‘Captain America: Civil War’ Will Make America Wait Again

Too much of Civil War involves ginning up the phony conflict and preparing future storylines.

Captain America: Civil War. Courtesy of Marvel

T he scheduling for the Marvel movies is so meticulous, we know the exact days its next nine titles will open, through 2020. But for a globe-conquering pop-culture phenomenon that will dominate movie screens for years to come, the Marvel Comics universe sure flies by the seat of its pants. Each new movie in this blockbuster saga throws in a batch of new wrinkles, many of which seem to be forgotten about or seriously revised by the time the next installment comes out. For instance, red-and-gold billionaire Tony Stark (Robert Downey, Jr.), also known as Iron Man, was clearly bowing out of the Avengers at the end of 2015’s Avengers: Age of Ultron, as the superhero crew rejiggered its starting lineup.

Well, forget that. Captain America: Civil War has plenty of Stark. Downey’s contract negotiations were reportedly of the hardball variety, and his once-diminished role here has been beefed up accordingly. And out of nowhere—well, Queens, actually—the movie finds room for Spider-Man (Tom Holland), the rights to that character having been snapped up by Marvel (now owned by Disney) when previous Spidey contract-holder Sony suddenly decided to cut a deal. All right, fine—at least these incongruities add a little volatility to the Marvel long-term strategic corporate plan.

Civil War plucks a thread from Captain America: The Winter Soldier, one of the most enjoyable installments in the Marvel series. Cap (Chris Evans) discovers that his old pal Bucky Barnes (Sebastian Stan) remains a dangerous “Manchurian Candidate” of sorts—a plot that, incredibly, ties back to Tony Stark’s origin story.

Meanwhile, the governments of the world want to rein in the Avengers, having noticed (as critics pointed out after the first few movies) that an awful lot of innocent people seem to get slaughtered when the Avengers save humanity. Stark and Black Widow (Scarlett Johansson) favor signing an agreement that would make the Avengers accountable to the world order; Captain America and his acolytes, including Falcon (Anthony Mackie) and Scarlet Witch (Elizabeth Olsen), opt for going rogue.
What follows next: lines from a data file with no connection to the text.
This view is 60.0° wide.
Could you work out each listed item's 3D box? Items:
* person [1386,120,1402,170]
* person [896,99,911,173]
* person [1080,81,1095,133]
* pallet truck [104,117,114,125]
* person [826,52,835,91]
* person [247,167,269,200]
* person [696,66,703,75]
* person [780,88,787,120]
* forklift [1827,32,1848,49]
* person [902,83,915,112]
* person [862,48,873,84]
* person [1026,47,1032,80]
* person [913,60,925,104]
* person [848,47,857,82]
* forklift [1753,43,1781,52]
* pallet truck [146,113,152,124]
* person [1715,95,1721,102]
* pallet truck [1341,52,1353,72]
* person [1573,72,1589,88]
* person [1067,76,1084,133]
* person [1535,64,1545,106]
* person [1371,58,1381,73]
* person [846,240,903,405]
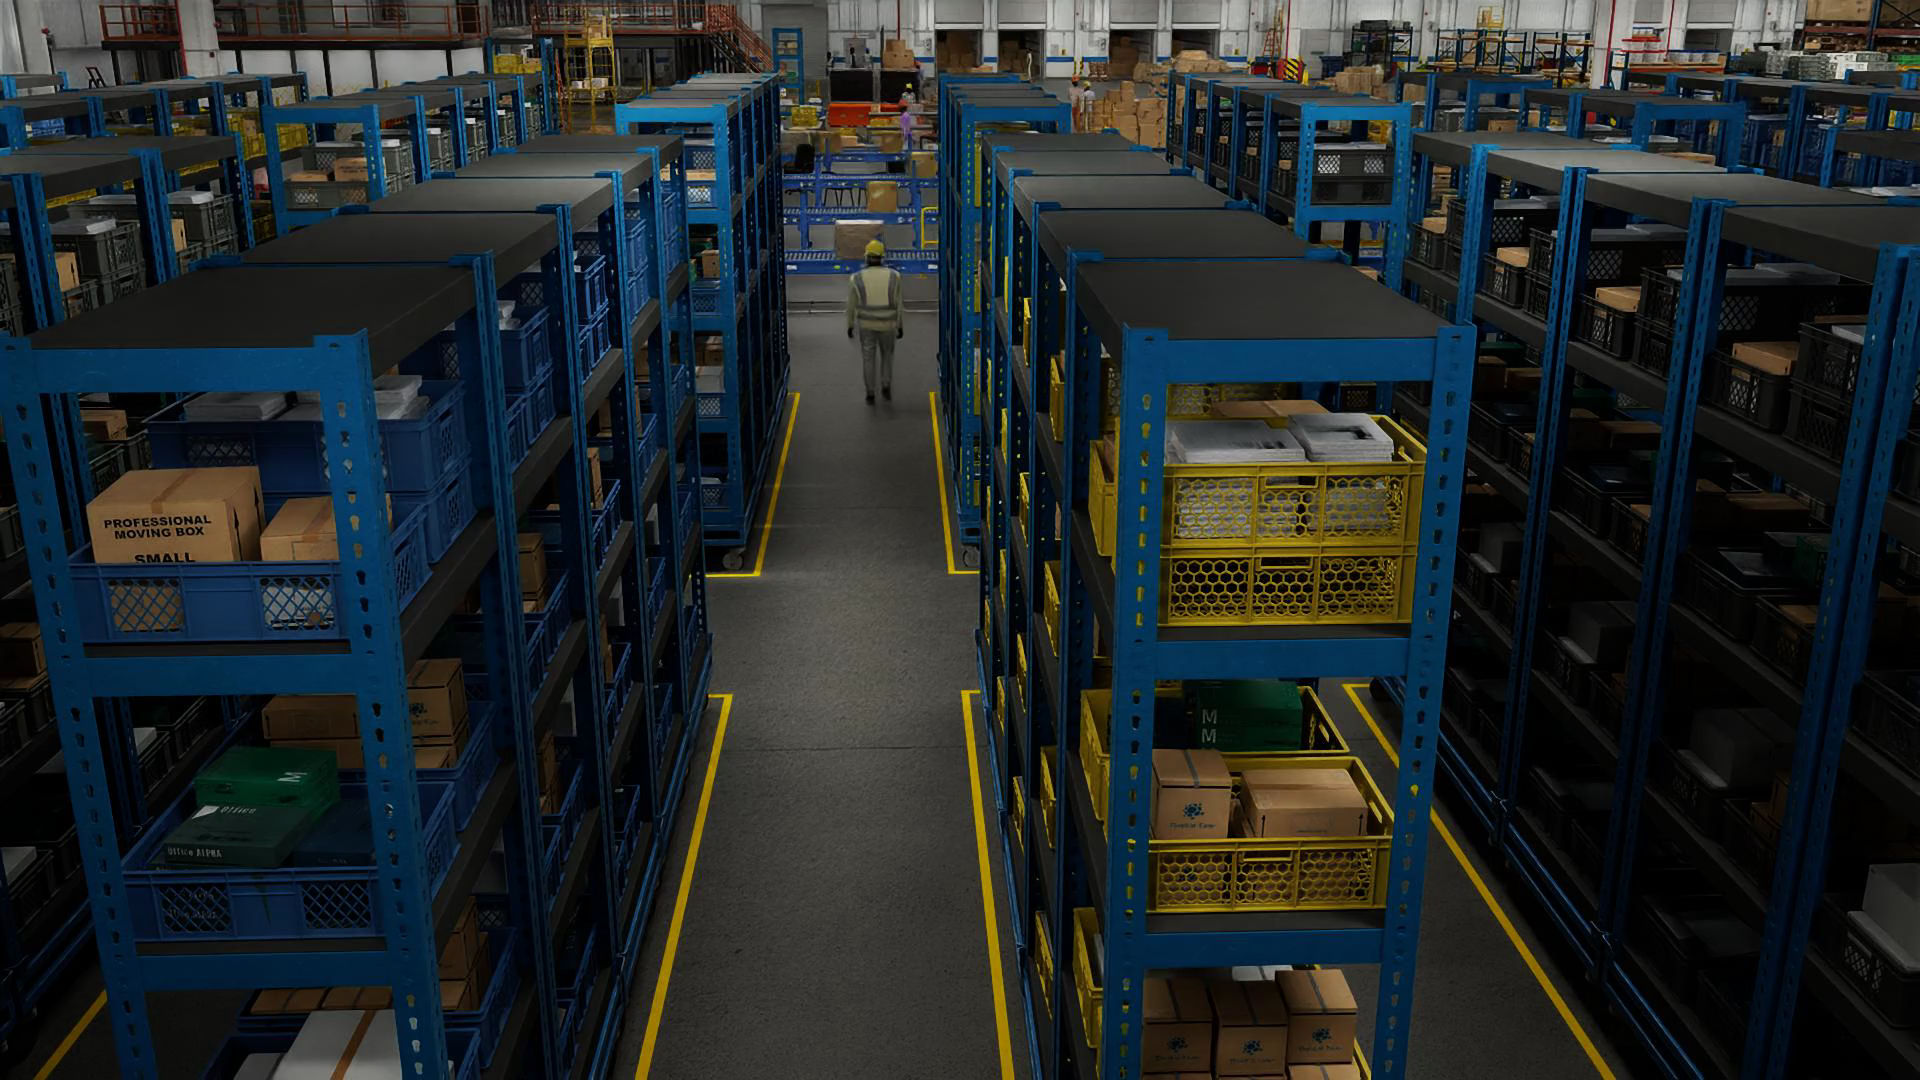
[{"bbox_3d":[11.112,-10.044,41.996,0.658,1.860,1.008,1,18,4],"label":"person"},{"bbox_3d":[-1.362,-10.437,43.101,0.681,1.922,0.547,2,18,7],"label":"person"},{"bbox_3d":[4.146,-14.093,54.551,0.602,1.830,0.404,-15,23,-39],"label":"person"},{"bbox_3d":[-18.367,-7.885,35.078,1.885,1.965,0.823,1,18,2],"label":"pallet truck"},{"bbox_3d":[-6.580,-23.771,84.381,0.384,1.913,0.593,-16,24,-40],"label":"person"},{"bbox_3d":[-13.625,-6.938,32.515,0.523,1.769,0.321,0,18,0],"label":"person"},{"bbox_3d":[-10.708,-18.517,68.270,0.801,1.827,0.519,-16,24,-41],"label":"person"},{"bbox_3d":[-6.810,-16.909,63.178,0.356,1.887,0.572,12,22,34],"label":"person"},{"bbox_3d":[46.023,-25.321,87.619,1.129,2.768,1.873,-1,18,-2],"label":"forklift"},{"bbox_3d":[-1.702,-14.354,55.508,0.488,1.741,0.316,-7,19,-22],"label":"person"},{"bbox_3d":[-5.086,-26.059,91.422,0.611,1.931,0.481,0,18,-1],"label":"person"},{"bbox_3d":[3.905,-27.070,94.659,0.325,1.865,0.516,3,18,8],"label":"person"},{"bbox_3d":[-1.786,-19.949,72.544,0.548,1.917,0.636,6,19,19],"label":"person"},{"bbox_3d":[-6.054,-26.602,93.138,0.537,1.904,0.619,-5,19,-15],"label":"person"},{"bbox_3d":[31.161,-17.893,64.634,1.129,2.768,1.873,-1,18,-2],"label":"forklift"},{"bbox_3d":[-18.087,-8.309,36.390,1.885,1.965,0.823,-1,18,-4],"label":"pallet truck"},{"bbox_3d":[21.696,-11.858,47.740,0.526,1.769,0.328,-14,23,-38],"label":"person"},{"bbox_3d":[18.794,-23.123,82.231,0.823,1.965,1.885,-13,22,-35],"label":"pallet truck"},{"bbox_3d":[22.103,-15.675,59.261,0.630,1.944,0.448,-2,18,-6],"label":"person"},{"bbox_3d":[3.849,-14.516,55.662,0.625,1.950,0.898,7,19,20],"label":"person"},{"bbox_3d":[24.100,-18.865,69.285,0.531,1.859,0.332,-9,20,-26],"label":"person"},{"bbox_3d":[19.437,-21.582,77.687,0.764,1.860,0.587,-9,20,-25],"label":"person"},{"bbox_3d":[-0.942,-2.403,18.393,0.620,1.812,0.460,-2,18,-7],"label":"person"}]

Putting aside for a moment the fact that this sounds like the opposite alignment for our leads—surely snarky Stark would play the anti-establishment card and Captain America would fall in line with authority—this division never feels especially useful. Aren’t there enough megavillains to supply stupid excuses for extensive mayhem? Instead, nominal bad guy Helmut Zemo (Daniel Bruhl) mostly works on the sidelines while our indestructible superheroes punch each other out in a series of numbing set-pieces. Directing brothers Anthony and Joe Russo find a few ways to cater to the specialty acts: In a pumped-up airport melée, Ant-Man (Paul Rudd) gets a frankly glorious workout. A new character, Black Panther (Chadwick Boseman), enjoys a lively “Hey, who’s that guy?” arrival in his be-clawed catsuit. And the movie authentically stirs to life when Spider-Man is introduced, young Peter Parker’s gooey shtick having come to Stark’s attention through YouTube videos.

But too much of Civil War involves ginning up the phony conflict and preparing future storylines. The periodic displays of warm, witty communal behavior in the first Iron Man and Avengers pictures are rare here; in digital 3D, the people onscreen don’t even look human, especially when they don’t have their gear on. Thank Hydra for Downey, whose be-bopping style brings energy and humor. There’s a moment when Stark wants to clap newcomer Parker on the back, but Downey hesitates, holding his hand in the air for a moment, as though knowing that the welcoming touch will seal this kid’s future in the thankless world of crimefighting. That actor’s instinct says so much, and it’s a measure of what’s missing from the rest of this movie.

The Marvel Cinematic Universe is meant to be viewed like a long-form TV series, so reviewing a single installment as though it were a discrete entity feels absurd. The various in-jokes and call-backs will stroke diehard fans who’ve mainlined the previous films repeatedly; otherwise, steering the apparatus carefully toward 2020 is what this is all about. Civil War makes a pretense of pondering the consequences of going rogue. But Marvel is all about playing it safe. Captain America: Civil War. Rated PG-13. Opens in muliple theaters Fri., May 6.